The country’s climate is also a factor, Thacker said. “This fungus can grow next to a loaf of bread that is kept outside,” he said. “It can grow anywhere in the form of mold, but in humid tropical countries … it tends to sink.”
The current outbreak could also be because “we’re in the summer, it’s hot, it’s humid,” he added. “Everyone knows that fungal infection occurs in these types of climates.”
Where has it been reported?
To date, more than 3,200 cases of black fungus have been reported in the five states of Maharashtra, Madhya Pradesh, Haryana, Telangana and Gujarat.
Maharashtra has the highest number, with more than 2,000 cases reported and 800 hospitalized. At least 90 people have died from the disease in the state.

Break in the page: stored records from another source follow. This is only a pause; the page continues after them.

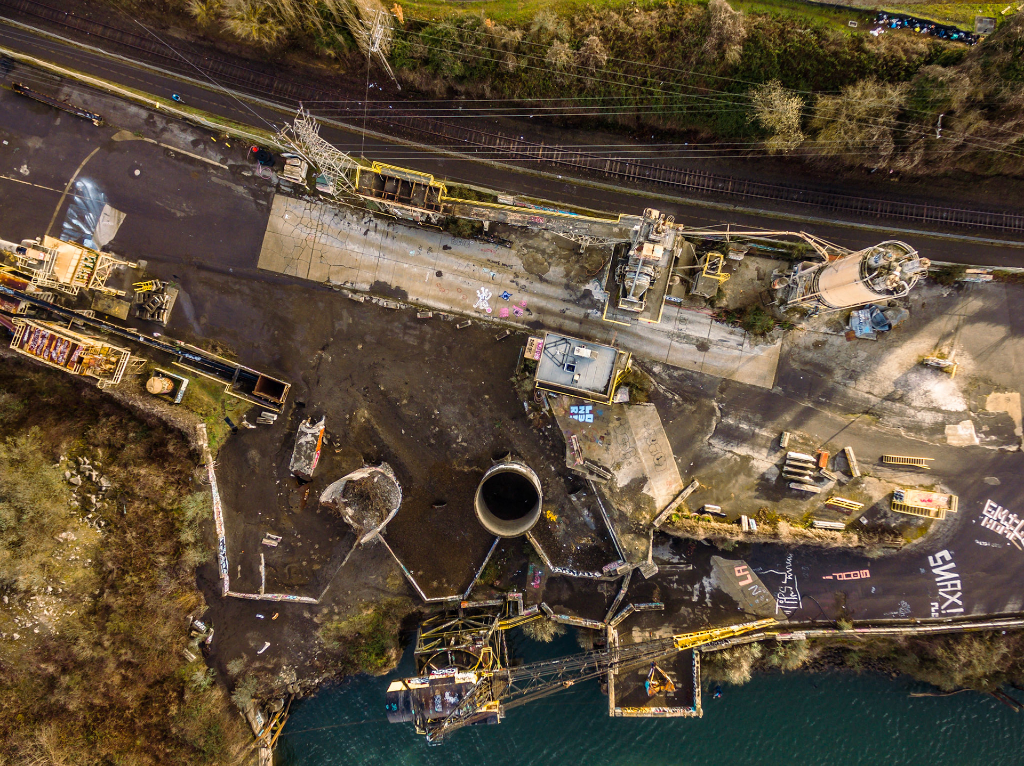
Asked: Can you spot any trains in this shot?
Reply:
No
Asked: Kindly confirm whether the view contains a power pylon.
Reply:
Yes
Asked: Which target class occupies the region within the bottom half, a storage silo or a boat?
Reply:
storage silo
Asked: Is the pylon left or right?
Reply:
left
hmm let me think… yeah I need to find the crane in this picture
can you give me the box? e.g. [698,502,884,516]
[385,600,780,747]
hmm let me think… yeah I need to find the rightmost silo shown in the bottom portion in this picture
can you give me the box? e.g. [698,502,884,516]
[473,457,544,535]
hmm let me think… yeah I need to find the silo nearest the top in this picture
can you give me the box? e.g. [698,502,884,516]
[780,229,944,321]
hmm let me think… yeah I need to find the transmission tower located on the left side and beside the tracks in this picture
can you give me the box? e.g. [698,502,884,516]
[284,101,374,199]
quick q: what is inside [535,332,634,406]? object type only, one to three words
shed
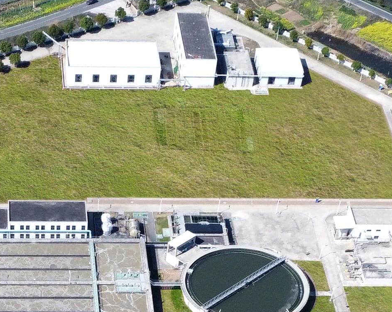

Gujarat has reported at least 369 cases in a single hospital.
On Thursday, the central government classified mucormycosis as a notifiable disease, meaning all states and territories in the union must report their cases to federal authorities.
“We now have a new black mushroom challenge, we need to be prudent and prepare to do so,” Indian Prime Minister Narendra Modi said on Friday.
At least seven states have stated that black fungus is a notifiable disease, according to central government advice to collect data, according to the respective state government authorities.
“These cases are found in patients who have recovered from Covid, so there are several complications,” said JV Modi, medical superintendent at Ahmedabad Civil Hospital in Gujarat. He added that the hospital has seen an increase in cases in the last ten days as the country appeared to be surpassing the peak of its second wave of coronavirus.